Il taxi sfilava tra crateri e cumuli di macerie, tra vuoti bui là dove solo sei mesi prima era ancora luce di bombole e lampadine colorate, di braci nei carretti degli spiedini, di riflessi nello specchio del grosso barbiere battutista che rallegrava la rasatura con scintillii di cabaret, di squilli e ritmi dell’amatissimo taroccatore. Sfilava, il taxi dall’imbottitura rifatta con stoffa di divano e la collanina delle preghiere ciondolante davanti al santino dell’Imam Hussein, sotto l’Hotel “Al Mansur”, poi sotto il “Palestine”, dove i giornalisti alla Giovanna Botteri – culturalmente se non fisicamente embedded -  celebravano l’imminente vista, dai terrazzi delle postazioni tv, dei carri Abrams. Carri che, tra tonfi e sibili, già si sentivano sferragliare in fondo alla grande arteria dei colori e odori e sorrisi di Baghdad, Shara Sadun. Chissà se avrebbero continuato a brindare, poche ore dopo, quando i gangster, punendo a cannonate chi era rimasto a raccontare il martirio e l’eroismo di Baghdad, avevano ucciso nel Palestine il mio collega spagnolo Cuso e, poco più in là, nella mai embedded “Al Jazira”, l’amico Ayoub, compagno di riprese di infamie giudaico-cristiane nelle terre violentate della Mezzaluna, compagno di tante tazzine di bollente chai, all’ombra delle palme da dattero. Quattro anni dopo, i giornalisti ammazzati dai gangster dell’occupazione-collaborazione sarebbero arrivati a 130, perlopiù arabi, compreso quello che aveva filmato di nascosto i marines mentre seppellivano i corpi dei loro militi ignoti, poveri immigrati del Messico o dell’Ecuador, senza patria, diritto, tomba con bandiera a stelle striscie. Senza nome nella lista dei 200, 3000, 4000 onorati di menzione ufficiale. Lungo la via verso il riparo di Amman, correvo a fianco di un pulmino. Con chi vi viaggiava condividemmo una merenda nel posto di ristoro disintegrato fin dalla notte del 17 marzo, quando arrivai, ma subito risorto in forma di baracchino. Erano due funzionari del Ministero della Solidarietà Araba, portavano alle famiglie dei martiri palestinesi quei 20.000 dollari ciascuna  che Saddam, embargo o non embargo, guerra o non guerra, aveva continuato a stanziare dal giorno della rivoluzione all’ultimo giorno di libertà, fin sotto il naso degli invasori. “L’uomo degli americani”…

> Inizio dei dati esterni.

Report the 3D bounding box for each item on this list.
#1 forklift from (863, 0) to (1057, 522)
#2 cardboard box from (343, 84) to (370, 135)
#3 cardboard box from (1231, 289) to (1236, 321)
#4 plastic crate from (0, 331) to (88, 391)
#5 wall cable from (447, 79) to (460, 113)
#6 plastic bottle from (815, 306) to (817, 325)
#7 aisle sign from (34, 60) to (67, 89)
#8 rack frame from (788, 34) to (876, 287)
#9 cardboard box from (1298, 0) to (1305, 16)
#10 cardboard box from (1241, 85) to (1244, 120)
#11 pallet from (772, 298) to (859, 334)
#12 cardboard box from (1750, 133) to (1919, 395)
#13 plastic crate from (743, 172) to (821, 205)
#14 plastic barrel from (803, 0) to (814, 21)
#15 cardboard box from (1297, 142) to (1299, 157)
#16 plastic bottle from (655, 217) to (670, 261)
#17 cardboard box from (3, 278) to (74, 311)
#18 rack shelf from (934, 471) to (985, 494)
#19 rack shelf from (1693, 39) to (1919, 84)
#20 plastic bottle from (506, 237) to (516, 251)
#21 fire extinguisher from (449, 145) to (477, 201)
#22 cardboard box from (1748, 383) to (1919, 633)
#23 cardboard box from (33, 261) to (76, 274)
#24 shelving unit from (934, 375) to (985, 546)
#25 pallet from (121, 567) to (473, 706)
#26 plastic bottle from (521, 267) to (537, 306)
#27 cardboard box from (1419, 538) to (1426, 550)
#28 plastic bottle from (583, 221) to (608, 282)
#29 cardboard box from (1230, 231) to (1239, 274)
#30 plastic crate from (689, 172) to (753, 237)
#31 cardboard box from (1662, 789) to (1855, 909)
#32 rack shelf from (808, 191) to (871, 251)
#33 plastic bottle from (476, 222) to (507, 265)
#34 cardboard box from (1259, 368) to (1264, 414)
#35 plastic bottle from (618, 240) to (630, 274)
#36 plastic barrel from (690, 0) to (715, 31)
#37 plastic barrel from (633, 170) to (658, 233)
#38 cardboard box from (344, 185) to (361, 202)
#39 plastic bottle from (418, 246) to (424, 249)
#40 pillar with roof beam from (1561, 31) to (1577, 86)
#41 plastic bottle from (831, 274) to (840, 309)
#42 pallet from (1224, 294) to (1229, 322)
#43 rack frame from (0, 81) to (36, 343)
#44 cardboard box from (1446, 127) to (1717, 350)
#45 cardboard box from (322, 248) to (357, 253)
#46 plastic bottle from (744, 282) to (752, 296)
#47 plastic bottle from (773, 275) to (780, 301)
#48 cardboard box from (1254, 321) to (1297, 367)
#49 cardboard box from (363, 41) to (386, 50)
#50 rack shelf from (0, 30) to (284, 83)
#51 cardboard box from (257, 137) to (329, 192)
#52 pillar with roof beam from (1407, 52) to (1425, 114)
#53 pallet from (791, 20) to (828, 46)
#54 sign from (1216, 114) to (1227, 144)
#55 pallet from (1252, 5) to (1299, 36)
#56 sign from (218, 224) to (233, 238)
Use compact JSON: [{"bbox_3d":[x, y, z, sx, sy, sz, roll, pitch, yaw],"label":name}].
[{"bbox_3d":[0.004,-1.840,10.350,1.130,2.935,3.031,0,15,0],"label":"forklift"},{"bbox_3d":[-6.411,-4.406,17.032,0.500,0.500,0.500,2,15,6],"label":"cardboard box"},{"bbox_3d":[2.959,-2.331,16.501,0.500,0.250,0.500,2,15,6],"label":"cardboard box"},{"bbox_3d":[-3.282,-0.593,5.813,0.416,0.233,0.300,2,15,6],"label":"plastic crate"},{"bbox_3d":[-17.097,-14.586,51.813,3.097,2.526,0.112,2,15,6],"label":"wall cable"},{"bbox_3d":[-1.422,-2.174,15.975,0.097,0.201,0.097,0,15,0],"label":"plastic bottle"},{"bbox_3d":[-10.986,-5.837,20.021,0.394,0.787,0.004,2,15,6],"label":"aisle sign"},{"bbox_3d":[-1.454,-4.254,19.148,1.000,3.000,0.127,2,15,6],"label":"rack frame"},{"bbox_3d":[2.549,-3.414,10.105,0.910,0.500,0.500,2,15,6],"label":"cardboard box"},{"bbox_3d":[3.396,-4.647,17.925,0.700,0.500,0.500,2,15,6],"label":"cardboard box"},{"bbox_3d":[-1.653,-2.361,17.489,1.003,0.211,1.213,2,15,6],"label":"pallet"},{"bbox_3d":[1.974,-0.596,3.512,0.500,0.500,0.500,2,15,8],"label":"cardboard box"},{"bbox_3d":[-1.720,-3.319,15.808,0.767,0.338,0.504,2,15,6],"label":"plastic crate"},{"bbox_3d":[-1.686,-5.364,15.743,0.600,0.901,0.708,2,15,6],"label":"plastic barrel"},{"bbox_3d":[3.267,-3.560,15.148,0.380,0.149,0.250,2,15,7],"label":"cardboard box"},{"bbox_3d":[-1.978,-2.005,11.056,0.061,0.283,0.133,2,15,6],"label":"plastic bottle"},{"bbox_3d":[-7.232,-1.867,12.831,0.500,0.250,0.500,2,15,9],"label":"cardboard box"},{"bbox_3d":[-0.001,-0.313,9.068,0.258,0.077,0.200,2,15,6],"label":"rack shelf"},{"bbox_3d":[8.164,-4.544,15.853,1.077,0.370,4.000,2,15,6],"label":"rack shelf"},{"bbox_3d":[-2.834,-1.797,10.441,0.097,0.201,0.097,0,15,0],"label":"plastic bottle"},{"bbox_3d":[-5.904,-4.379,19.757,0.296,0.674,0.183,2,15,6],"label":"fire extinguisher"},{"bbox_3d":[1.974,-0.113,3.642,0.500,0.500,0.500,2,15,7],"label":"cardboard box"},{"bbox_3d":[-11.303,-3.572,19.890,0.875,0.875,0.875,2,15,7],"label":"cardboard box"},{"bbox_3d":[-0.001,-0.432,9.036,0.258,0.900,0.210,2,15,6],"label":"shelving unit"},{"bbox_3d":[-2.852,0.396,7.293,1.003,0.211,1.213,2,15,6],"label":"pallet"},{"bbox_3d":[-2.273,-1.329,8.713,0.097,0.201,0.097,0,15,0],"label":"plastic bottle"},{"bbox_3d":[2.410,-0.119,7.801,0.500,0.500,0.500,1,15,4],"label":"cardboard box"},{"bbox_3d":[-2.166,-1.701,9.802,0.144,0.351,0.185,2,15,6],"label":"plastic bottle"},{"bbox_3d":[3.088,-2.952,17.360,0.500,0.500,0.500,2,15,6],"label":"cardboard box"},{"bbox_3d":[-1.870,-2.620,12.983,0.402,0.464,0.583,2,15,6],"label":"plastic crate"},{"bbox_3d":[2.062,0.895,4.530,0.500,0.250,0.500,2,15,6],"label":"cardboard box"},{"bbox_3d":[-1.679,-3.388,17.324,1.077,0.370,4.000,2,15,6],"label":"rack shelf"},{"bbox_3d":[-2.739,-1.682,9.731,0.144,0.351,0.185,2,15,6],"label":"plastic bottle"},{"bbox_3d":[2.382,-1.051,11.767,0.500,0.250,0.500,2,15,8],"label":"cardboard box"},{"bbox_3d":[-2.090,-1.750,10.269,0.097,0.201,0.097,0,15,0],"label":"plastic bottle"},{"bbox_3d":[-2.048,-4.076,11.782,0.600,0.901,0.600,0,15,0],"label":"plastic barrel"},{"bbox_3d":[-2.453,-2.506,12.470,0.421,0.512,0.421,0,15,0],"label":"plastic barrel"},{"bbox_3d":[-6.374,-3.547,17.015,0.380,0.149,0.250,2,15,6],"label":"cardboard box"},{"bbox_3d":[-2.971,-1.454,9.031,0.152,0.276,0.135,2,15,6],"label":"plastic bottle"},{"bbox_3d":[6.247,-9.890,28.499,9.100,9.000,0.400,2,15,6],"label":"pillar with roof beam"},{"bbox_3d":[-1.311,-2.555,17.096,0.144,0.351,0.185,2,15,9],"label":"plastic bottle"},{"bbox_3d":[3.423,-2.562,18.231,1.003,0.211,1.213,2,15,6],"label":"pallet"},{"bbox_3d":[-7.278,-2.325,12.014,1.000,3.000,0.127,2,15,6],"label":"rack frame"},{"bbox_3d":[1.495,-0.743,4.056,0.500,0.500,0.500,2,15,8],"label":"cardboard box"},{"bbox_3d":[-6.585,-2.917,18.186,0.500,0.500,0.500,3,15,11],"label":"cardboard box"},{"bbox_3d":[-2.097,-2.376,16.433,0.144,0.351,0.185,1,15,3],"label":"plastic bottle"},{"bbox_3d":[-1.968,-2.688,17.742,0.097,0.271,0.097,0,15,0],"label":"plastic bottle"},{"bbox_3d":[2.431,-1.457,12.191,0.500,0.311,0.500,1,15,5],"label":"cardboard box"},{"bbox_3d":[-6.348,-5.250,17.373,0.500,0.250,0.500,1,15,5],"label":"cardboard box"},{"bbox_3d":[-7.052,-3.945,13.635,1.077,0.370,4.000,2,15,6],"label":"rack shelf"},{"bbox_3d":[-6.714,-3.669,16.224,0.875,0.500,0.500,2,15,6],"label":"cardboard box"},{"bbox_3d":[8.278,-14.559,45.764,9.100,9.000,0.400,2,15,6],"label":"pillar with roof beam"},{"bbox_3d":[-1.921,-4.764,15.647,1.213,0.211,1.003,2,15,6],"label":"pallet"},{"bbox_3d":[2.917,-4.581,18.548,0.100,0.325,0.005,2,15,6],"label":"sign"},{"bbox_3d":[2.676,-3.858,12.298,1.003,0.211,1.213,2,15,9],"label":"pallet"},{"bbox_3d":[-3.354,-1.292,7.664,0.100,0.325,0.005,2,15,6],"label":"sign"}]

Uscendo da Baghdad, schivando le lunghe e nere traiettorie dei missili, sentivo addosso un odore di morte che non veniva dai corpi squarciati, disarticolati tra buche e fossi: persone, cammelli, capre, cani. Quei cani che gli iracheni da qualche anno, diversamente dai popoli vicini, avevano cominciato ad amare e accogliere in famiglia e che ora, con loro, morivano. Lo sento ancora, quell’odore. Dovrebbe inondare il mondo. Mi diceva un grande poeta cubano: “Se uccidiamo un albero, se uccidiamo un cane, muore un arto del mondo”. Morendo l’Iraq moriamo tutti.